That’s Better… Preparing for Change

The heat has broken, thank God, the brightness of summer turning to the milky white light of early fall.  School has started, this ritual that thus far in my adult life I have observed from afar.

My apartment faces bridges two worlds.  Often, the morning traffic, starting about 5:30 is what wakes me.  The first time.  I am trying to rise at 6:30, at this point the cars and buses and trams create a din if my window is open.  Often I can withstand the noise until 7:30, at which point I often rise.

I categorically refuse to stay in bed past 1pm…

The view from my room, beyond the motorized vehicles, is gray and rectilinear from the panalak apartments similar to the one in which I live.  A dull, supermarket building with a BRIGHT yellow name provides convenience if I need milk for coffee.

Coffee leads to the other view.  My broad kitchen windows open up onto the woods and the fantastic nature reserve 5 minutes from my back door.  The view right now is mostly green, flush from current rains, though a premature hue of autumn has appeared from this summer’s drought.  All the same, beautiful.

And the sounds!  Wind in the leaves, birdsong; as the day progresses the shrill, happy cries of children playing at school.

So two sides, two views to see, a rich existence even before I leave the apartment.

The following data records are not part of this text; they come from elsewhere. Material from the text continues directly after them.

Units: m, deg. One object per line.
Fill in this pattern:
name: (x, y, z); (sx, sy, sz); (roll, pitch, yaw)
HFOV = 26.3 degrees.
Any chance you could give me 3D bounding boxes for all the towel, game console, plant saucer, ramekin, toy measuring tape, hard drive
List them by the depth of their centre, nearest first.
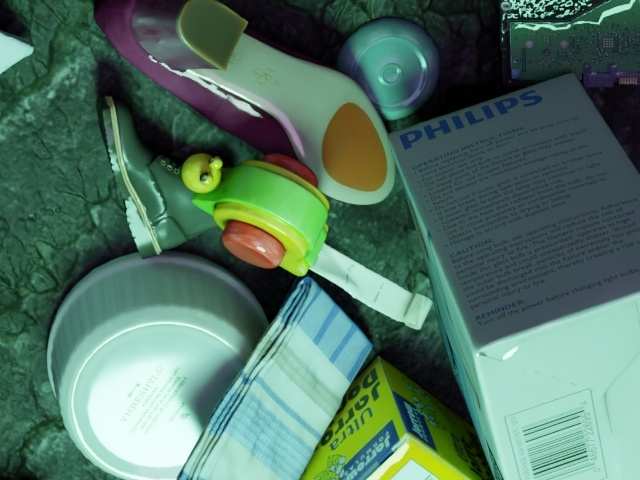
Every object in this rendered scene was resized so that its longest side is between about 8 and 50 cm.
hard drive: (0.302, -0.323, 1.418); (0.236, 0.064, 0.339); (1, 121, 14)
toy measuring tape: (0.000, 0.000, 1.446); (0.330, 0.121, 0.121); (31, 105, -18)
plant saucer: (0.077, -0.187, 1.524); (0.119, 0.021, 0.119); (-3, 114, -7)
towel: (-0.043, 0.197, 1.550); (0.285, 0.034, 0.209); (-59, 145, -15)
game console: (0.213, -0.131, 1.573); (0.107, 0.071, 0.122); (-27, 119, -29)
ramekin: (-0.181, 0.158, 1.577); (0.272, 0.127, 0.273); (-3, 114, -7)

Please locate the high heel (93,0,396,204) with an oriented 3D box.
high heel: (-0.073, -0.161, 1.501); (0.377, 0.181, 0.127); (42, 73, -38)

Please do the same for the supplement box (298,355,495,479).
supplement box: (0.148, 0.343, 1.667); (0.356, 0.195, 0.194); (39, 103, -21)

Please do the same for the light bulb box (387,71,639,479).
light bulb box: (0.246, 0.082, 1.441); (0.225, 0.361, 0.358); (-18, 128, 0)

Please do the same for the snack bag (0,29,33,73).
snack bag: (-0.475, -0.122, 1.329); (0.323, 0.342, 0.037); (-37, 77, 11)

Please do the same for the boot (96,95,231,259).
boot: (-0.161, -0.086, 1.513); (0.137, 0.077, 0.198); (-17, 128, -5)
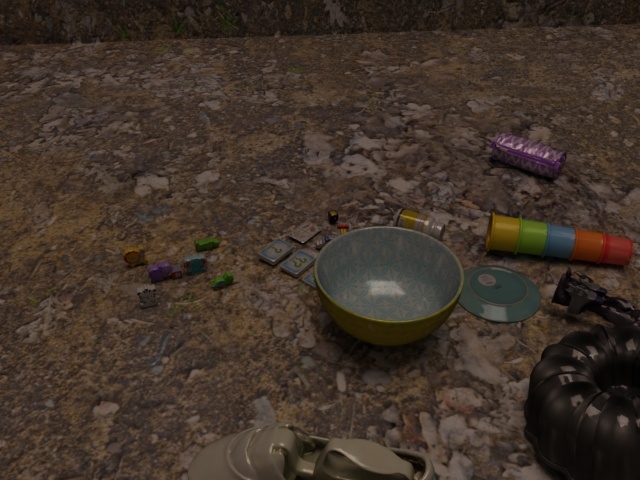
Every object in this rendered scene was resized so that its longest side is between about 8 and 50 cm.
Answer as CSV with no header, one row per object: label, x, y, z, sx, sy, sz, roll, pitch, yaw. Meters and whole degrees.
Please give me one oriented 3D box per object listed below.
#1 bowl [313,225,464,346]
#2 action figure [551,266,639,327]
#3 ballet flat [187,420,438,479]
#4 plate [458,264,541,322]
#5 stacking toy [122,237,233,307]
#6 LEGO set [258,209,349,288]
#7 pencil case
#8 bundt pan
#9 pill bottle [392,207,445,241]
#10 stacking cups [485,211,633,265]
bowl,0.129,0.115,1.280,0.289,0.156,0.290,0,36,0
action figure,0.612,0.148,1.289,0.284,0.099,0.185,24,34,23
ballet flat,-0.012,0.341,0.997,0.399,0.139,0.139,6,37,9
plate,0.383,0.106,1.405,0.188,0.024,0.188,0,37,0
stacking toy,-0.317,0.058,1.446,0.221,0.052,0.167,-13,38,-18
LEGO set,0.000,0.000,1.523,0.182,0.060,0.244,27,44,27
pencil case,0.579,-0.239,1.817,0.206,0.087,0.088,23,8,30
bundt pan,0.495,0.249,1.057,0.330,0.124,0.331,-11,26,6
pill bottle,0.237,-0.033,1.558,0.116,0.065,0.065,18,40,22
stacking cups,0.545,0.000,1.488,0.315,0.096,0.096,8,37,10
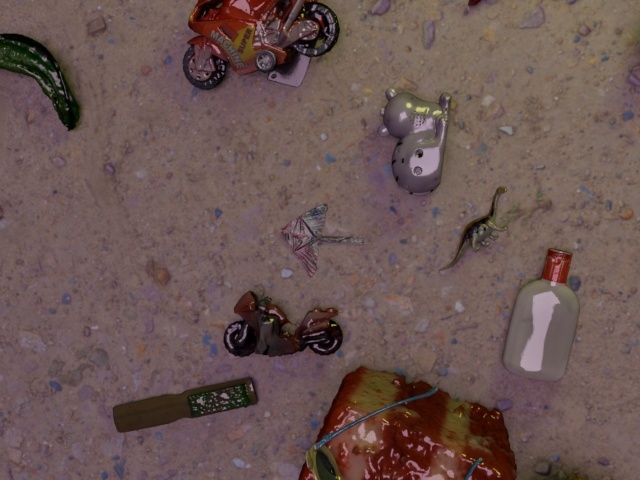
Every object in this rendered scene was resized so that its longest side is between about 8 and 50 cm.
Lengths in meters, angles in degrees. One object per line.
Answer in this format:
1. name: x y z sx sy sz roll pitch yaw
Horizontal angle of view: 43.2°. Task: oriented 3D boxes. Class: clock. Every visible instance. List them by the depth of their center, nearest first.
1. clock: 0.153 -0.166 1.359 0.117 0.080 0.176 7 95 8

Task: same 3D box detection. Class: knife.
1. knife: -0.031 -0.392 1.404 0.072 0.019 0.245 15 101 6

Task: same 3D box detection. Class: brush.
1. brush: -0.255 0.308 1.491 0.282 0.048 0.054 -14 90 12

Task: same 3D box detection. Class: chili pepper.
1. chili pepper: -0.549 -0.313 1.472 0.279 0.065 0.122 28 95 2

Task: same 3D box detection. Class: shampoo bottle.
1. shampoo bottle: 0.380 0.124 1.362 0.108 0.051 0.220 13 98 11

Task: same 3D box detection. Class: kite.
1. kite: 0.000 0.000 1.438 0.153 0.005 0.137 13 100 8

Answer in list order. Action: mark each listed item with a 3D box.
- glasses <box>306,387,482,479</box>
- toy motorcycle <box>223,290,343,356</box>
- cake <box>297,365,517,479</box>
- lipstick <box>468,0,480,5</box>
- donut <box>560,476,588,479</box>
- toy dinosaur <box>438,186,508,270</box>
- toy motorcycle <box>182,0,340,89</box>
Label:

The heat has broken, which seemed to annoy many Czechs as much as I did.  And so we will gain some normalcy, some patience.  I think for a brief time.  The press of Syrian and Afghani refugees in Hungary will eventually move this way.  The Czech government hasn’t exactly been welcoming, and the Czech culture itself is cloistered (in a secular sense) by the ranges of low mountains that surround much of the country.

What will be the response?  It will be tough!  There will be some good and some bad.  It can be a chance for firsthand interactions with cultures often portrayed as violent and prepared for jihad.  It will be a chance to welcome some new traditions. It will be an interaction with tired, frightened, and ambitious people.  Czechs will meet many people who don’t drink beer!  (That could be very profound!)  It will be growing pains.  And hopefully for the better.

We shall see… but any weary traveler needs a glass of cool water and a welcome.  And if they want a beer, I expect it will be given.